Our model aims to describe the observed abundance of the most prevalent OTUs across microbiome samples based on an assembly process such as the competitive lottery schema. We assume that this assembly process determines the abundances of OTUs within a given group and that the same group follows the same process in all samples. Specifically, we assume a two-step model: in the first step, the total abundance of a sample (100%) is allocated between groups according to some unknown process. Then in the second step, the abundance allocated to each group is split between the group’s members according to a competitive lottery schema.

Given a pre-defined group of species, we quantified two parameters that relate to the competitive lottery assembly schema. The first parameter is how often species distribution within a group includes a lottery winner, which we define as a group member that captures > 90% of the group’s abundance. This cutoff was chosen based on a null model for species abundances assuming a stick breaking process (see Additional file 2: Supporting Text). The second parameter is a measure of the diversity of lottery winners and is calculated by the Shannon diversity of the distribution of winners across samples (i.e., the frequency as which each OTU or subgroup occurs as the lottery winner among all samples in which a lottery winner is observed). The winner diversity was normalized by the maximum diversity obtained when all winners are observed at the same frequency (= log2 of the number of winners) and hence range from 0 to 1. A low diversity suggests that the same OTU or subgroup occurs as the lottery winner in all samples, while a high diversity suggests a more even frequency of different OTUs or subgroups as lottery winners.

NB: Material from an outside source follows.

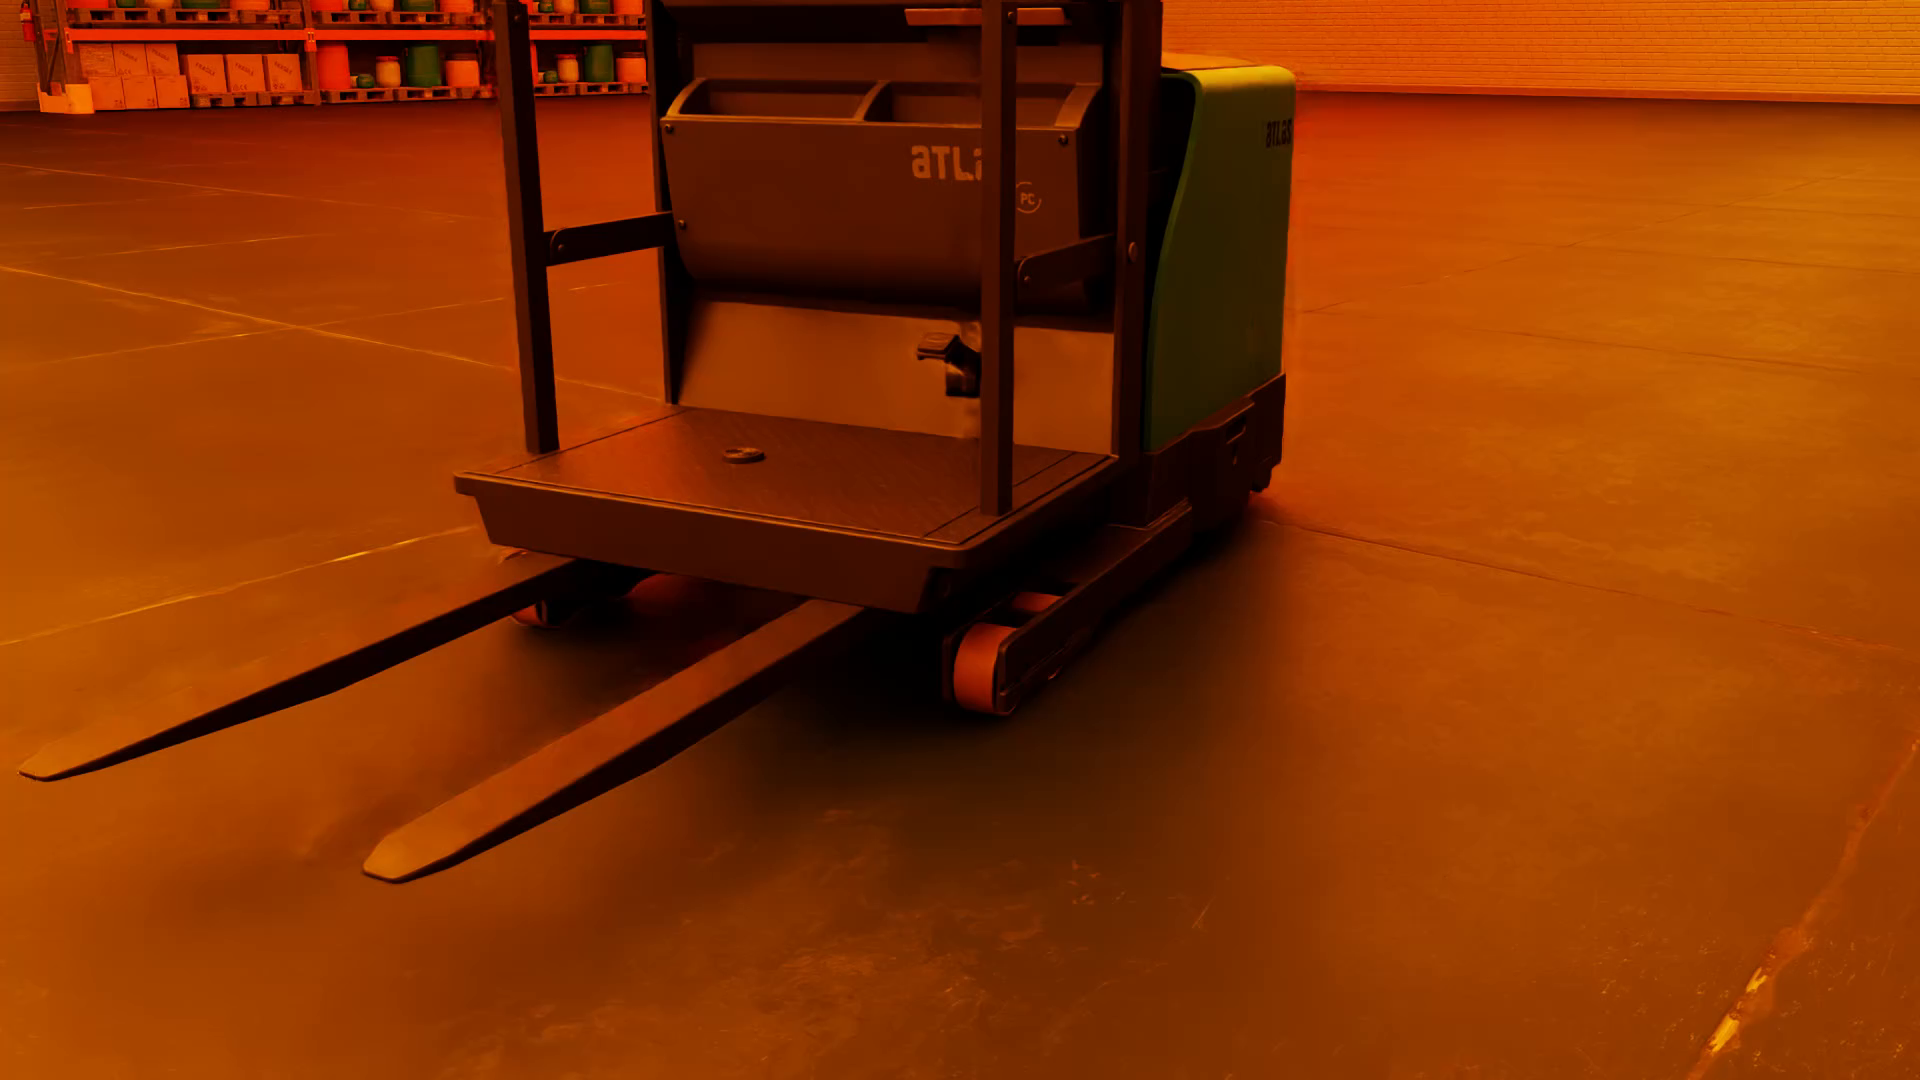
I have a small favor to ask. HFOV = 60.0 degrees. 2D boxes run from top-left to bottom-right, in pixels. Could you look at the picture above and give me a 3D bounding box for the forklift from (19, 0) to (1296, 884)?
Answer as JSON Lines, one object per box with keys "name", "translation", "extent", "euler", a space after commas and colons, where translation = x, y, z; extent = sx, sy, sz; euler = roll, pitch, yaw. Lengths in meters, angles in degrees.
{"name": "forklift", "translation": [-0.263, -1.237, 2.973], "extent": [1.130, 2.935, 3.031], "euler": [8, 19, 25]}
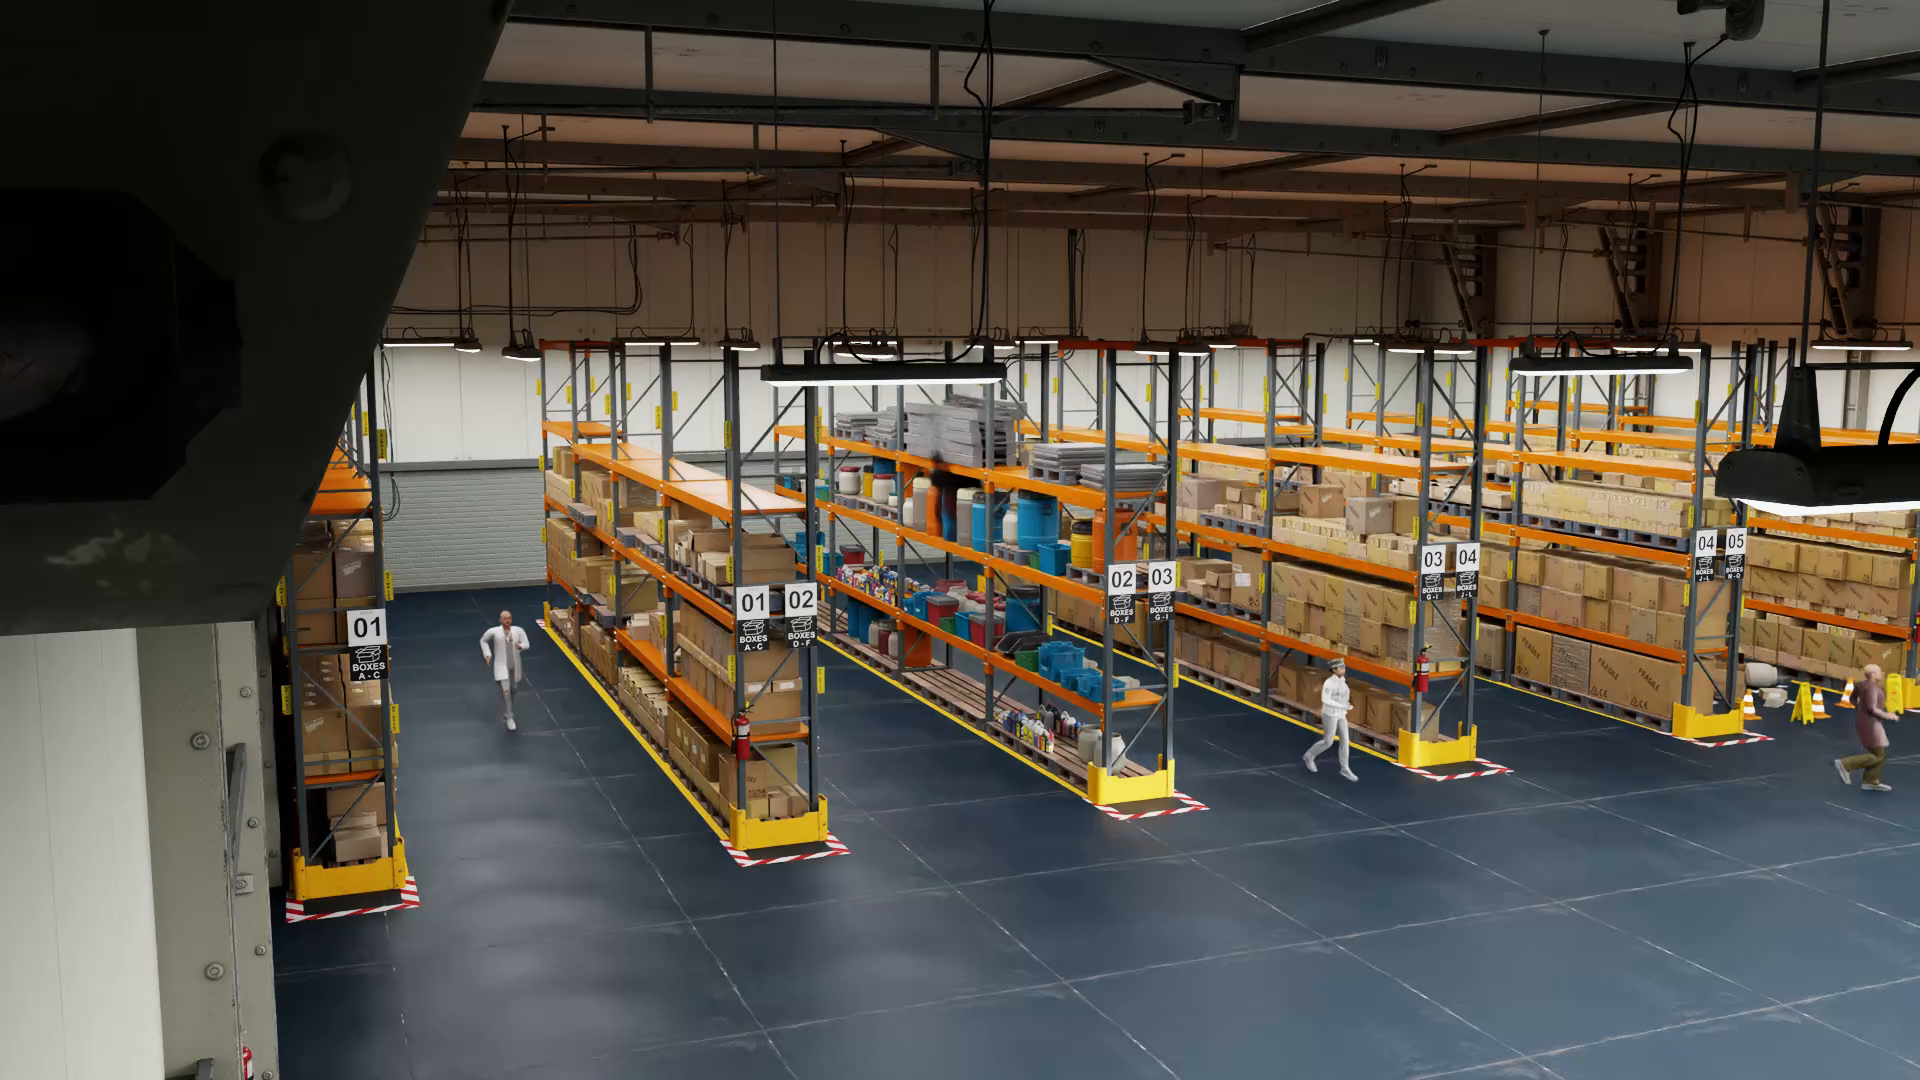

To determine the assembly schema of groups at higher taxonomic level than genera, we applied a similar approach considering the aggregated abundance of each subgroup as if it were a single OTU. For example, when evaluating the schema governing each family, we considered the aggregated abundance of each of its genera. OTUs without annotation to a given subgroup have been discarded to avoid combining the abundance of OTUs from two different unknown lineages. If there was only a single subgroup in a given group, we refrained from the analysis of a single member group and progressed to the next level of the tree.

In analyses that required classifying groups into lottery-like vs. non-lottery-like groups, we defined lottery-like groups as those that exhibit winner prevalence > 0.75 and winner diversity > 0.25. In our analysis of genome content, we specifically focused on groups that exhibit lottery-like assembly in both the American Gut dataset and at least one other dataset of those analyzed above.

Genome analysis

We obtained 16S sequences from the partial or complete genomes of 76,657 bacteria from NCBI. In order to map OTUs from a group to sequenced genomes, we used BLAST against the database of 16S sequences and accepted the best hit above 97% identity. We then obtained information on gene content on those genomes from Integrated Microbial Genomics (IMG) [53] and averaged gene content number over each species.